EXERCISE
The result should be a full, exact repeat of the entries, free of pictures.

DATA PROVIDED

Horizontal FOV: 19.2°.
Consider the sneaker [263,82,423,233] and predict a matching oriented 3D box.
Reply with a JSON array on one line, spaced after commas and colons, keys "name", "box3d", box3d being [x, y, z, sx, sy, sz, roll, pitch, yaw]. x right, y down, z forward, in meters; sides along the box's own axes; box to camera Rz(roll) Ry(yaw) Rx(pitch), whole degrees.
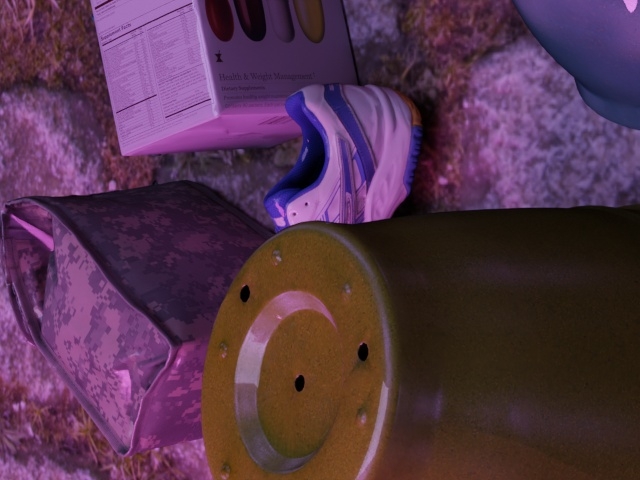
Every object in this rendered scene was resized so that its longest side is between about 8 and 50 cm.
[{"name": "sneaker", "box3d": [0.000, 0.000, 1.739, 0.112, 0.131, 0.296, 7, 89, 65]}]

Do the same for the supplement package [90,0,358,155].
[{"name": "supplement package", "box3d": [-0.092, -0.198, 1.797, 0.149, 0.194, 0.203, -18, 82, 44]}]

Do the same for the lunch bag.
[{"name": "lunch bag", "box3d": [-0.158, 0.053, 1.859, 0.287, 0.235, 0.169, 47, 127, 32]}]

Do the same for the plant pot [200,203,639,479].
[{"name": "plant pot", "box3d": [0.113, 0.127, 1.454, 0.366, 0.353, 0.366, -16, 69, 51]}]

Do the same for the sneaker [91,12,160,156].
[{"name": "sneaker", "box3d": [-0.191, -0.223, 1.955, 0.107, 0.110, 0.275, 2, 96, 45]}]

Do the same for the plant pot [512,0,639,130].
[{"name": "plant pot", "box3d": [0.268, -0.204, 1.405, 0.293, 0.293, 0.196, 26, 139, 41]}]

WRITTEN ANSWER
Horizontal FOV: 19.2°.
Consider the sneaker [263,82,423,233] and predict a matching oriented 3D box.
Reply with a JSON array on one line, spaced after commas and colons, keys "name", "box3d", box3d being [x, y, z, sx, sy, sz, roll, pitch, yaw]. x right, y down, z forward, in meters; sides along the box's own axes; box to camera Rz(roll) Ry(yaw) Rx(pitch), whole degrees.
Every object in this rendered scene was resized so that its longest side is between about 8 and 50 cm.
[{"name": "sneaker", "box3d": [0.000, 0.000, 1.739, 0.112, 0.131, 0.296, 7, 89, 65]}]

Do the same for the supplement package [90,0,358,155].
[{"name": "supplement package", "box3d": [-0.092, -0.198, 1.797, 0.149, 0.194, 0.203, -18, 82, 44]}]

Do the same for the lunch bag.
[{"name": "lunch bag", "box3d": [-0.158, 0.053, 1.859, 0.287, 0.235, 0.169, 47, 127, 32]}]

Do the same for the plant pot [200,203,639,479].
[{"name": "plant pot", "box3d": [0.113, 0.127, 1.454, 0.366, 0.353, 0.366, -16, 69, 51]}]

Do the same for the sneaker [91,12,160,156].
[{"name": "sneaker", "box3d": [-0.191, -0.223, 1.955, 0.107, 0.110, 0.275, 2, 96, 45]}]

Do the same for the plant pot [512,0,639,130].
[{"name": "plant pot", "box3d": [0.268, -0.204, 1.405, 0.293, 0.293, 0.196, 26, 139, 41]}]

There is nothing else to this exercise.